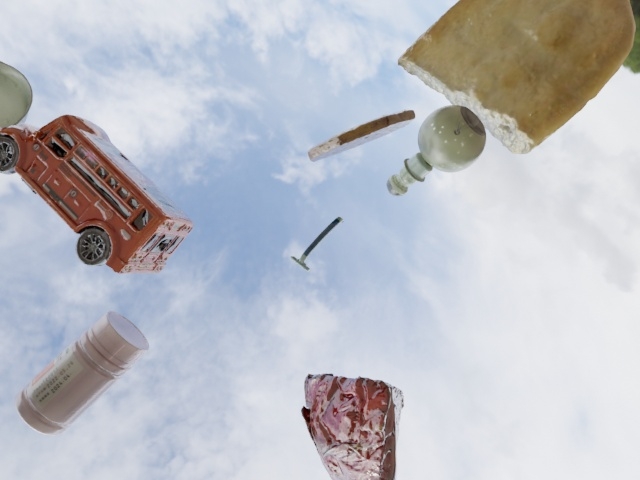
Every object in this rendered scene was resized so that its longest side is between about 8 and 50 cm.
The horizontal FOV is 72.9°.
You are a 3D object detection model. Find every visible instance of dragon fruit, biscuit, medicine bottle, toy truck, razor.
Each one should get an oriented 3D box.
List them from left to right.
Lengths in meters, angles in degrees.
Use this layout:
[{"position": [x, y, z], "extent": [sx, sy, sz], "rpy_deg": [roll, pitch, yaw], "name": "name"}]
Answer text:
[{"position": [-0.511, 0.285, 0.943], "extent": [0.250, 0.133, 0.133], "rpy_deg": [-43, -84, -7], "name": "medicine bottle"}, {"position": [-0.290, -0.069, 0.554], "extent": [0.253, 0.114, 0.107], "rpy_deg": [43, -176, 9], "name": "toy truck"}, {"position": [-0.001, -0.001, 1.236], "extent": [0.068, 0.037, 0.191], "rpy_deg": [37, -106, 19], "name": "razor"}, {"position": [0.119, -0.320, 1.331], "extent": [0.359, 0.359, 0.046], "rpy_deg": [-25, -83, -41], "name": "biscuit"}, {"position": [0.088, 0.340, 0.866], "extent": [0.302, 0.330, 0.240], "rpy_deg": [36, -124, 22], "name": "dragon fruit"}, {"position": [0.469, -0.454, 1.007], "extent": [0.429, 0.446, 0.104], "rpy_deg": [58, -165, 28], "name": "biscuit"}]

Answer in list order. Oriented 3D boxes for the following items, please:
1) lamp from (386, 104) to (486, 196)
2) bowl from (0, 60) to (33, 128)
[{"position": [0.156, -0.117, 0.623], "extent": [0.091, 0.163, 0.091], "rpy_deg": [23, -134, -25], "name": "lamp"}, {"position": [-1.010, -0.378, 1.289], "extent": [0.314, 0.146, 0.313], "rpy_deg": [5, -114, -12], "name": "bowl"}]

++++++++

Pictures stay out; everything else in the entries is copied exactly.

**Solution for this exercise**
Every object in this rendered scene was resized so that its longest side is between about 8 and 50 cm.
The horizontal FOV is 72.9°.
You are a 3D object detection model. Find every visible instance of dragon fruit, biscuit, medicine bottle, toy truck, razor.
Each one should get an oriented 3D box.
List them from left to right.
Lengths in meters, angles in degrees.
Use this layout:
[{"position": [x, y, z], "extent": [sx, sy, sz], "rpy_deg": [roll, pitch, yaw], "name": "name"}]
Answer text:
[{"position": [-0.511, 0.285, 0.943], "extent": [0.250, 0.133, 0.133], "rpy_deg": [-43, -84, -7], "name": "medicine bottle"}, {"position": [-0.290, -0.069, 0.554], "extent": [0.253, 0.114, 0.107], "rpy_deg": [43, -176, 9], "name": "toy truck"}, {"position": [-0.001, -0.001, 1.236], "extent": [0.068, 0.037, 0.191], "rpy_deg": [37, -106, 19], "name": "razor"}, {"position": [0.119, -0.320, 1.331], "extent": [0.359, 0.359, 0.046], "rpy_deg": [-25, -83, -41], "name": "biscuit"}, {"position": [0.088, 0.340, 0.866], "extent": [0.302, 0.330, 0.240], "rpy_deg": [36, -124, 22], "name": "dragon fruit"}, {"position": [0.469, -0.454, 1.007], "extent": [0.429, 0.446, 0.104], "rpy_deg": [58, -165, 28], "name": "biscuit"}]

Answer in list order. Oriented 3D boxes for the following items, please:
1) lamp from (386, 104) to (486, 196)
2) bowl from (0, 60) to (33, 128)
[{"position": [0.156, -0.117, 0.623], "extent": [0.091, 0.163, 0.091], "rpy_deg": [23, -134, -25], "name": "lamp"}, {"position": [-1.010, -0.378, 1.289], "extent": [0.314, 0.146, 0.313], "rpy_deg": [5, -114, -12], "name": "bowl"}]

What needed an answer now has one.